Fatimah and the children stayed behind in Serrekunda, but would often visit. Ebrima had happy memories of meals with the extended family. Yahya was by now a distant figure, surrounded by bodyguards on the rare occasions when he visited. Ebrima remembered his uncle telling him to “work hard at school”.

In 2004, Haruna accused some soldiers of stealing fuel and food, and started to speak out against the regime’s frequent sackings and arrests. When he was removed from the farm, Fatimah begged him to come home. But he refused. “He was a strong character, a man of his word, a man of truth. He didn’t take nonsense from anyone,” Ebrima said. Haruna did not expect his younger “cousin-brother” would harm him.

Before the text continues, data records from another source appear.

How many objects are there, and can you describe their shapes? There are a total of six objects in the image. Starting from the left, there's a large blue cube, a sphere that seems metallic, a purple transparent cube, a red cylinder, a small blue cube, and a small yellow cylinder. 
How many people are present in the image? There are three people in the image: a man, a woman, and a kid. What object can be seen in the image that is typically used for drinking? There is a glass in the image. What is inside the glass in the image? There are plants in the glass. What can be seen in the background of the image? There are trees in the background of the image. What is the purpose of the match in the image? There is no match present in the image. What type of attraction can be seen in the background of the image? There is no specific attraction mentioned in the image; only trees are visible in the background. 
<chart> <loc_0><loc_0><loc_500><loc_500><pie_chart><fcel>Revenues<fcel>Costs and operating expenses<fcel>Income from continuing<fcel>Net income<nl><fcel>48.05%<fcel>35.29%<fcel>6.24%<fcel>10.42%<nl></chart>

In 2005 Ebrima, by then 21, spoke to his father for the last time after he was arrested in the middle of the night. “Dad said: ‘I don’t know if I’m coming back,’” he told me. “I was scared. I was devastated. I didn’t think I was going to see him again. I knew the kind of person Yahya was and the kind of rages he had.”

Shortly afterwards, Haruna’s sister Masie also disappeared. “My aunt was bold enough to approach the president, but she went missing, too,” Isatou said. “We stopped going to the village. We decided to be quiet because we were so scared they would come after us.”

In the years that followed, Fatimah and the children kept a low profile in the backstreets of Serrekunda. Questions about their surname were common but they denied all links to the president. For a long time, they had no idea whether Haruna and Masie were alive.

In 2014 Ebrima learned the truth from an interview on a Senegalese radio station with Bai Lowe, a former driver with the “Jungulers” (an elite presidential hit squad). Lowe said he had witnessed the strangling of Haruna and Masie Jammeh in July 2005. Their deaths were recorded in a 2015 Human Rights Watch report.

The interview was conducted by Fatu Camara, a former press secretary to Yahya Jammeh, who fled to the US in 2013 after being charged with “tarnishing the image of the president”. She said Masie had threatened to see a marabout, a spiritual leader with reputed supernatural powers, if Yahya did not reveal Haruna’s whereabouts. Having already set the Jungulers on Haruna, Yahya then targeted Masie, too.

On 26 January Gambia’s new president, Adama Barrow, returned from exile in Senegal. He leads an unwieldy, eight-party coalition with differing views on how Jammeh should be held to account. Barrow, who claims to have inherited a “virtually bankrupt” state, has promised to launch a truth and reconciliation process to investigate human rights abuses during the Jammeh regime. In interviews, he has chosen his words carefully, avoiding any mention of prosecution.

But, like many of those who have suffered, Ebrima wants retribution. “I want to see Yahya Jammeh jailed and prosecuted in this country. Justice will finally come.”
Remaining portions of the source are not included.